W piątkowe popołudnie, policjanci bialskiej grupy SPEDD pełniący służbę na krajowej dwójce zatrzymali do kontroli kierowcę Lexusa, który przekroczył dozwoloną prędkość o 77 km/h. Za kierownicą osobówki siedział 36-letni obywatel Białorusi.
– Jak ustalili mundurowi, to nie pierwszy raz, kiedy mężczyzna popełnił takie wykroczenie – informuje komisarz Barbara Salczyńska-Pyrchla z bialskiej Pollicji. – Amator szybkiej jazdy w połowie listopada ubiegłego roku na terenie powiatu siedleckiego, również przekroczył dozwoloną prędkość o ponad 30 km/h. W związku z obowiązującymi przepisami, 36-latek działał więc w recydywie. W związku z tym został ukarany mandatem w wysokości 5000 złotych, a jego konto „wzbogaciło się” o 15 punktów karnych.

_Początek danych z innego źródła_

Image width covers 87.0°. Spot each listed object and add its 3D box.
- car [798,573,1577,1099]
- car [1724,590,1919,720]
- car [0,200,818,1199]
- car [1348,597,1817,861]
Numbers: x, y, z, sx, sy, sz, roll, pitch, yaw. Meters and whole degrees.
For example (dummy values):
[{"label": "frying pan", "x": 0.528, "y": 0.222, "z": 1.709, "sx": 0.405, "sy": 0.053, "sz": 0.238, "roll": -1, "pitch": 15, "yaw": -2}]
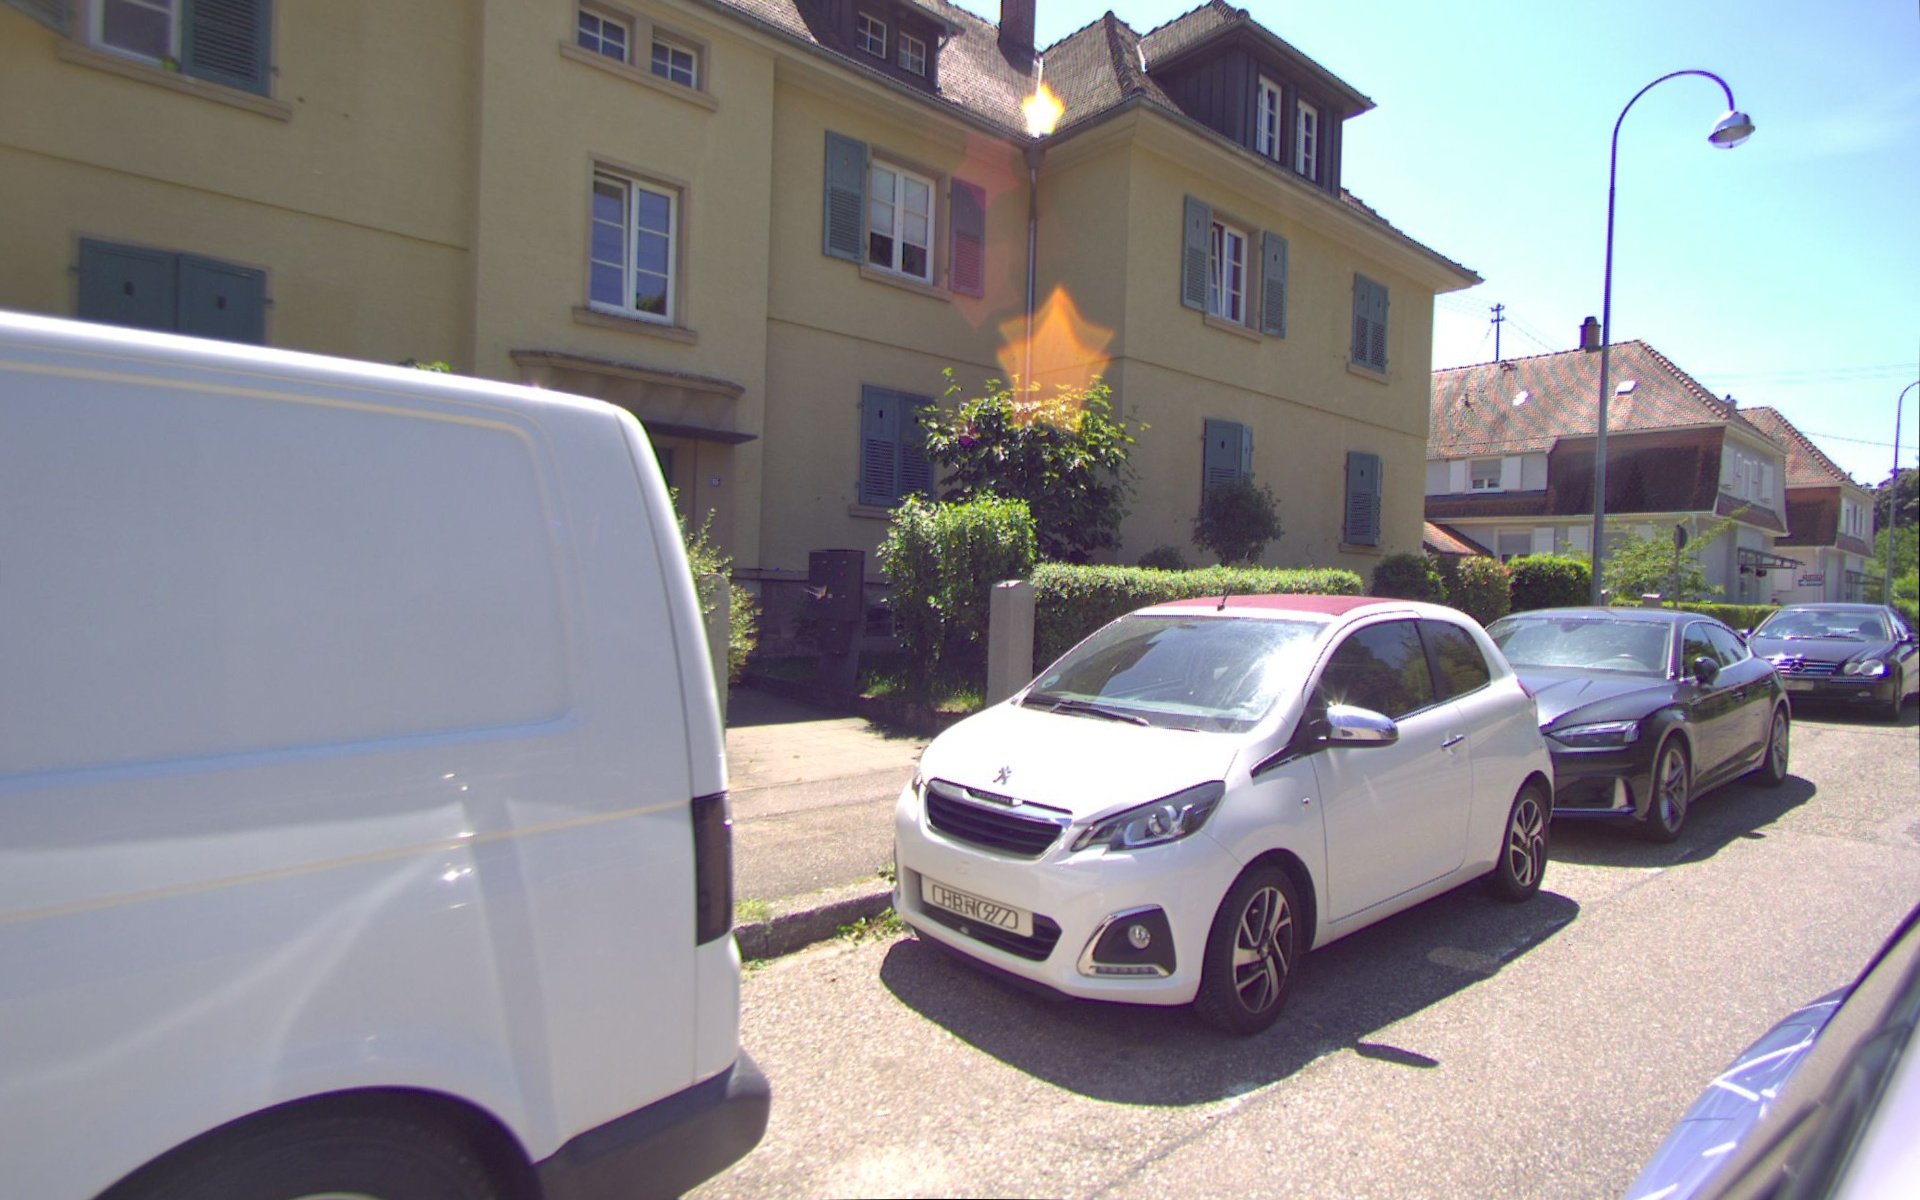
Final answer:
[{"label": "car", "x": 1.255, "y": 0.647, "z": 4.688, "sx": 3.585, "sy": 1.470, "sz": 1.764, "roll": 0, "pitch": 1, "yaw": -42}, {"label": "car", "x": 11.903, "y": 0.605, "z": 13.629, "sx": 4.472, "sy": 1.436, "sz": 1.696, "roll": -1, "pitch": 1, "yaw": -41}, {"label": "car", "x": -2.727, "y": 0.467, "z": 1.282, "sx": 4.738, "sy": 1.925, "sz": 1.997, "roll": 0, "pitch": -1, "yaw": -41}, {"label": "car", "x": 4.862, "y": 0.693, "z": 7.593, "sx": 4.527, "sy": 1.388, "sz": 1.764, "roll": 0, "pitch": 1, "yaw": -42}]

Tak wysoka kara związana jest ze złamaniem przepisów z tej samej grupy w ciągu 2 lat od ostatniego wykroczenia. W takiej sytuacji mandat karny jest dwukrotnie wyższy.
36-latek swoją szybka jazdę tłumaczył tym, że spieszył się na pociąg.
W związku z przekroczeniem prędkości w terenie zabudowanym o ponad 50 km/h, mężczyzna stracił również uprawnienia do kierowania pojazdami na okres 3 miesięcy.